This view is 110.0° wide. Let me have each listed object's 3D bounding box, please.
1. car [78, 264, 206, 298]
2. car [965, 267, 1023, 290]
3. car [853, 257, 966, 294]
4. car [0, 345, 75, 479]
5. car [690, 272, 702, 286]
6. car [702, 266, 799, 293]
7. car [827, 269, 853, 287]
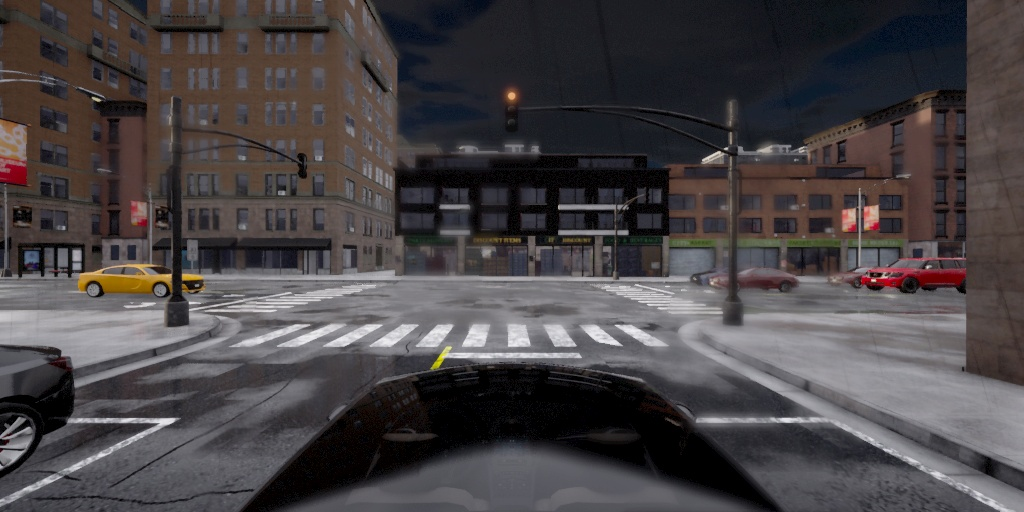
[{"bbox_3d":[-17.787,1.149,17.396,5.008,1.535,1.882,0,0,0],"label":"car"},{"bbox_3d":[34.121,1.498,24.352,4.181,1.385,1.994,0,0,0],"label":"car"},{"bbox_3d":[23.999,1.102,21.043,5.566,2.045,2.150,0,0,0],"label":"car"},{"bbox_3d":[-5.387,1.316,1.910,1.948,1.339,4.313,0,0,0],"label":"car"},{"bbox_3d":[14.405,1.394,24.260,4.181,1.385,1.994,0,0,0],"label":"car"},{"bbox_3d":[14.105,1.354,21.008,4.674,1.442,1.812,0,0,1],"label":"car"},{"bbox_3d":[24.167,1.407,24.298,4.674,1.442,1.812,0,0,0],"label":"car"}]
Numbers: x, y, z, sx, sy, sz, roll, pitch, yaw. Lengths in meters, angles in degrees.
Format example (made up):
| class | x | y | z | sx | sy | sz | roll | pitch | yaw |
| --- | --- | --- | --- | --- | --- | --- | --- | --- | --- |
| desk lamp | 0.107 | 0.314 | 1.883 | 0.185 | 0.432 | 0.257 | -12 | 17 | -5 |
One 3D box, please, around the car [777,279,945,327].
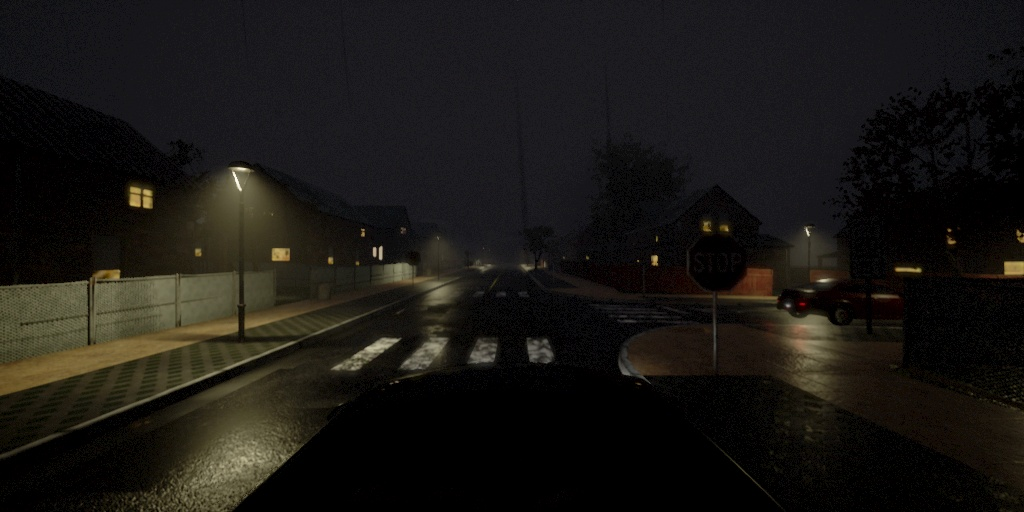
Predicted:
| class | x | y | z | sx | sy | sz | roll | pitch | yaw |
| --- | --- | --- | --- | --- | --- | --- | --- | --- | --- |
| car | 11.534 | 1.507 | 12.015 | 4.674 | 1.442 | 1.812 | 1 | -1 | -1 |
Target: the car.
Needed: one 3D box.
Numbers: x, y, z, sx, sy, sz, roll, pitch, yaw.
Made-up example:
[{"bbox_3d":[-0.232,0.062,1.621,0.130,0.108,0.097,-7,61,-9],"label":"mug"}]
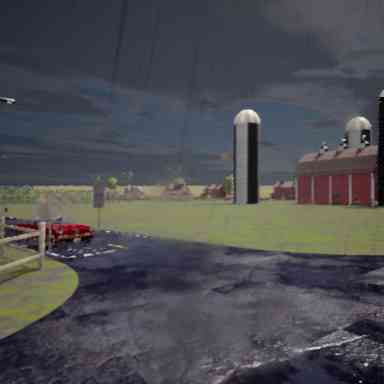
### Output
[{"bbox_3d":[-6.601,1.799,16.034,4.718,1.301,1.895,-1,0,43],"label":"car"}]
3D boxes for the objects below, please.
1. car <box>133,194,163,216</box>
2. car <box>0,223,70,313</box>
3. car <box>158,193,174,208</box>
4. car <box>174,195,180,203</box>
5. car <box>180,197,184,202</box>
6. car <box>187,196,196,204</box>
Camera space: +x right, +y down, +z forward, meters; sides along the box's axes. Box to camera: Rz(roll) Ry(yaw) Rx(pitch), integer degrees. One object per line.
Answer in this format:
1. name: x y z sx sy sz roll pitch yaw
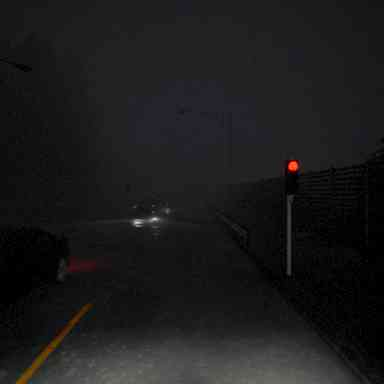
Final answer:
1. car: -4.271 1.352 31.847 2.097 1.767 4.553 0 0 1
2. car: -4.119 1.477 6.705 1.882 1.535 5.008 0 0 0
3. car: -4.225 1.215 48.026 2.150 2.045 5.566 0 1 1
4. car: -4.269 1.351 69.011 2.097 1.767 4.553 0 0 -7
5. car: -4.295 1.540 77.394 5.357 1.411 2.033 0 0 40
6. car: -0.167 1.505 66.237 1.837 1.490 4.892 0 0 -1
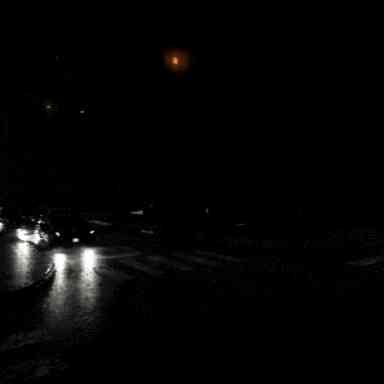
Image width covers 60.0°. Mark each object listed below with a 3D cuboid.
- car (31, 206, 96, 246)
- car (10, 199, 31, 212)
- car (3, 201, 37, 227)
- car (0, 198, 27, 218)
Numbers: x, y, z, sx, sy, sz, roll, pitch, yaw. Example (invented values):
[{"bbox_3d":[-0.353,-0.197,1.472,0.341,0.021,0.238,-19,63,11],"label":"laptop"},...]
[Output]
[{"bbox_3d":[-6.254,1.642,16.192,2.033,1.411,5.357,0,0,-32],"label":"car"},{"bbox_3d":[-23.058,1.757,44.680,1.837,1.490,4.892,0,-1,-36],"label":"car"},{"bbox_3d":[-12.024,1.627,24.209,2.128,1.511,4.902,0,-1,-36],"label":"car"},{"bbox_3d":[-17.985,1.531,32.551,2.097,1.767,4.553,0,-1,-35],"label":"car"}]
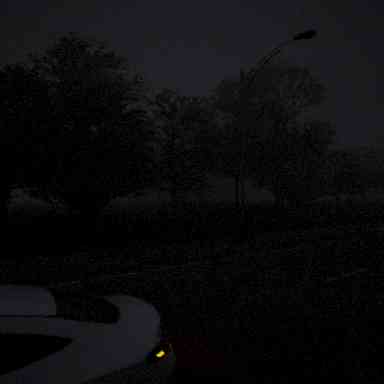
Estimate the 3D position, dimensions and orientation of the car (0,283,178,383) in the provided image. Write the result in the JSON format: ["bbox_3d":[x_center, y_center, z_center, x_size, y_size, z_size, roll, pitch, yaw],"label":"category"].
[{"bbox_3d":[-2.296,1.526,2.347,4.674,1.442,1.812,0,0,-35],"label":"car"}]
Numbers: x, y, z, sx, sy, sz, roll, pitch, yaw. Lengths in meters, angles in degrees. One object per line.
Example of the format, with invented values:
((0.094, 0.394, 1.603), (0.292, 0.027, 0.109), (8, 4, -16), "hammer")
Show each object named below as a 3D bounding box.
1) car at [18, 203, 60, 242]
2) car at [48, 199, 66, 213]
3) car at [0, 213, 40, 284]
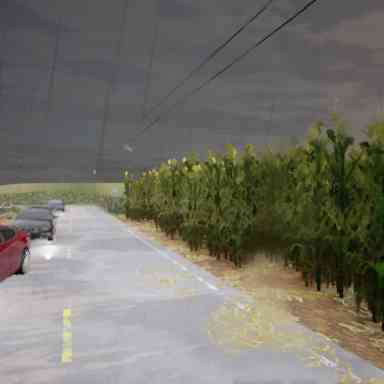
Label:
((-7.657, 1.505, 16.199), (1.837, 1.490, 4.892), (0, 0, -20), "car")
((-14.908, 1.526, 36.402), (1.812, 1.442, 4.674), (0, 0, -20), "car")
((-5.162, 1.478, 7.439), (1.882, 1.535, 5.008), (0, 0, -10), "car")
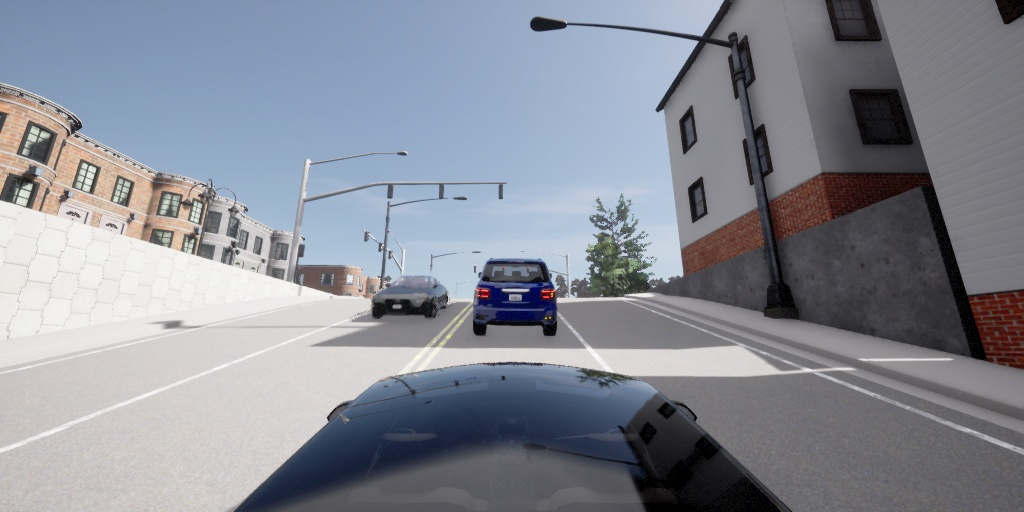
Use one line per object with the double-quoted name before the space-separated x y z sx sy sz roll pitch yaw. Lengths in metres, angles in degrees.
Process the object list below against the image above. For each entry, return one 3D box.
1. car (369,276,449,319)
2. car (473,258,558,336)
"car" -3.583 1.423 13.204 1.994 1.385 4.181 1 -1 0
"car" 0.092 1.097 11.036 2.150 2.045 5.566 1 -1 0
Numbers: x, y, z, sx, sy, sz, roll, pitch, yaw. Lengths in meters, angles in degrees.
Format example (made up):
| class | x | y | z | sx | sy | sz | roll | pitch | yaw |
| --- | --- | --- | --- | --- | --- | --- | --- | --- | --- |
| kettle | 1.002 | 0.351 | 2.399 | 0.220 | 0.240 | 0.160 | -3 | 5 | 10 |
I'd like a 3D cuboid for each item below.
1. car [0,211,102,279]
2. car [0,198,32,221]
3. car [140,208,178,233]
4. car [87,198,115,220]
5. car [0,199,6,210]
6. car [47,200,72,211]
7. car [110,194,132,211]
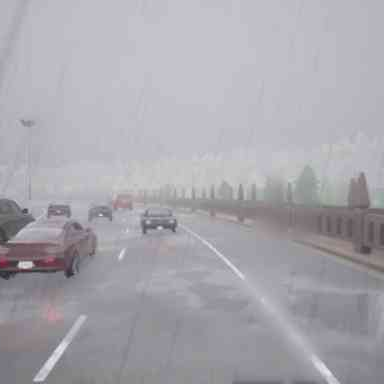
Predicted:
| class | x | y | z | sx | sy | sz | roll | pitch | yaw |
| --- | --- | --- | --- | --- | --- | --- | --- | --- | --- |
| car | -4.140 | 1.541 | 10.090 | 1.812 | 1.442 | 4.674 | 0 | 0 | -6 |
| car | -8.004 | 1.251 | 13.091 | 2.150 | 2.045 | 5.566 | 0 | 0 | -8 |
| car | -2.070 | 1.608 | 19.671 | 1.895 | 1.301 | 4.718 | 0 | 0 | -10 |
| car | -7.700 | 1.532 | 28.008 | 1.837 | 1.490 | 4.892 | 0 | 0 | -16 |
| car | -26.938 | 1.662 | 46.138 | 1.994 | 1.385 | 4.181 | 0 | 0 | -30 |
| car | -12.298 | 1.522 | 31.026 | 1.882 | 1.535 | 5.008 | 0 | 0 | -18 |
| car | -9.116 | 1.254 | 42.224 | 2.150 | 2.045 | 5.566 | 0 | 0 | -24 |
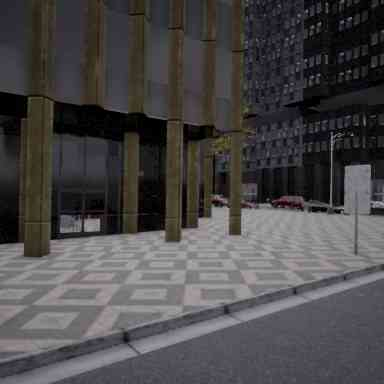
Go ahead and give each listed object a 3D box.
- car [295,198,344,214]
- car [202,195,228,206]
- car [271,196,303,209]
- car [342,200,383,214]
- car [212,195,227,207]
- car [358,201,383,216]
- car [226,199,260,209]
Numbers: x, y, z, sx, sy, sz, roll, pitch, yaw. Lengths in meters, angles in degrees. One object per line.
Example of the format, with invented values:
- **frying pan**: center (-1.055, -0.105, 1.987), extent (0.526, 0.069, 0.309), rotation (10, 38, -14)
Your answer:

- [What the exercise asks]:
Your answer must be a single number: the count of lines in the records that hold the word "cuboid".

- [Result]:
2